Since the start of the survey in April 2020, until July 2022, the Coronavirus (COVID-19) Infection Survey questionnaire data, and swab and blood samples had been collected by study worker home visits to participants. From July 2022, we changed the way that we collect our data, moving from study worker home visits to a more flexible remote data collection approach. We introduced a digitalised questionnaire, which participants can complete online or by telephone, as well as participants returning swab and blood sample kits through the post (or by courier for some participants).

Our August 2022 Coronavirus (COVID-19) Infection Survey quality report provides more information on this data collection method change, as well as initial analysis comparing the two data collection methods. Findings from this first analysis show there were minimal differences between estimates of COVID-19 positivity produced using the two data collection methods.

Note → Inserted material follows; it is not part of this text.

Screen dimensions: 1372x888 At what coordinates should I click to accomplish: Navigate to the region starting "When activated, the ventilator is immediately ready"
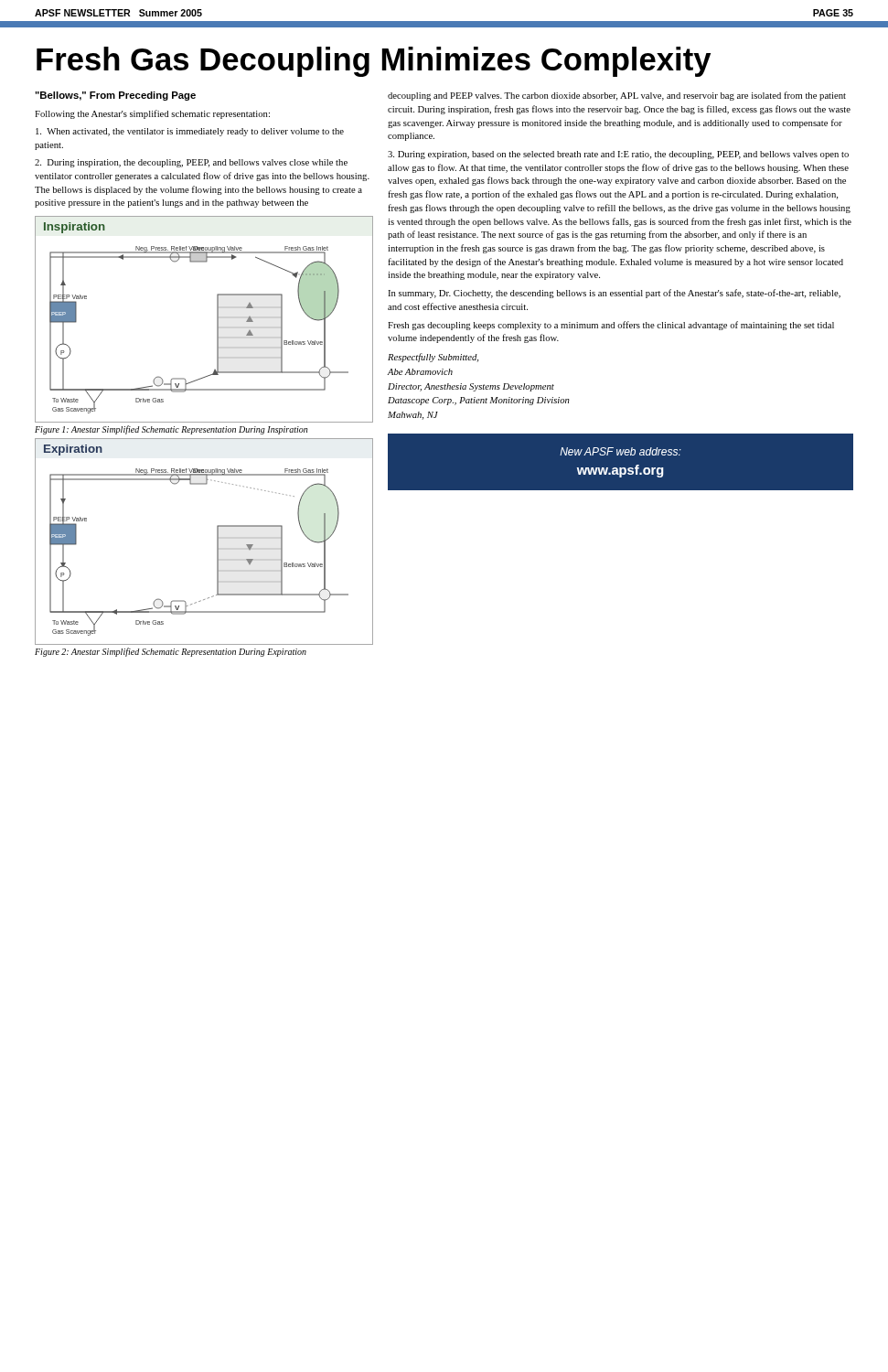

Our September 2022 Coronavirus (COVID-19) Infection Survey quality report provides information on analysis of the effects of the two data collection methods on the percentages who would have levels of antibodies against SARS-CoV-2 (the virus that causes COVID-19) above different thresholds.

This quality report includes analysis comparing the likelihood of testing positive for COVID-19 on a nose and throat swab as well as the likelihood of those with a strong positive test result reporting symptoms according to data collection method, while adjusting for several variables. It also includes comparisons between the achieved population samples from our remote and study worker home visit data collection methods and the Census 2021 population to assess how representative these population samples are of the England and Wales population.

The analysis in Section 3: Likelihood of testing positive for COVID-19 by data collection method and in Section 4: Likelihood of strong positive COVID-19 cases reporting symptoms by data collection method includes Coronavirus (COVID-19) Infection Survey participants aged 2 years and over in the UK. Analysis in Section 5: Representativeness of the Coronavirus (COVID-19) Infection Survey population sample by data collection method includes Coronavirus (COVID-19) Infection Survey participants aged 2 years and over in England and Wales. Data from the Coronavirus (COVID-19) Infection Survey are based on those living in private households, excluding those living in care homes or other communal establishments.

Back to table of contents

3. Likelihood of testing positive for COVID-19 by data collection method

In our August quality report we compared modelled estimates of the percentage of people testing positive for coronavirus (COVID-19) on a nose and throat swab by data collection method. The estimates were produced using the same methods as those in our weekly Coronavirus (COVID-19) Infection Survey bulletin, which use a Bayesian multi-level regression (MRP) model that adjusts for age, sex and region. More information on the methods used to produce COVID-19 positivity rates in our weekly bulletin can be found in our methods article.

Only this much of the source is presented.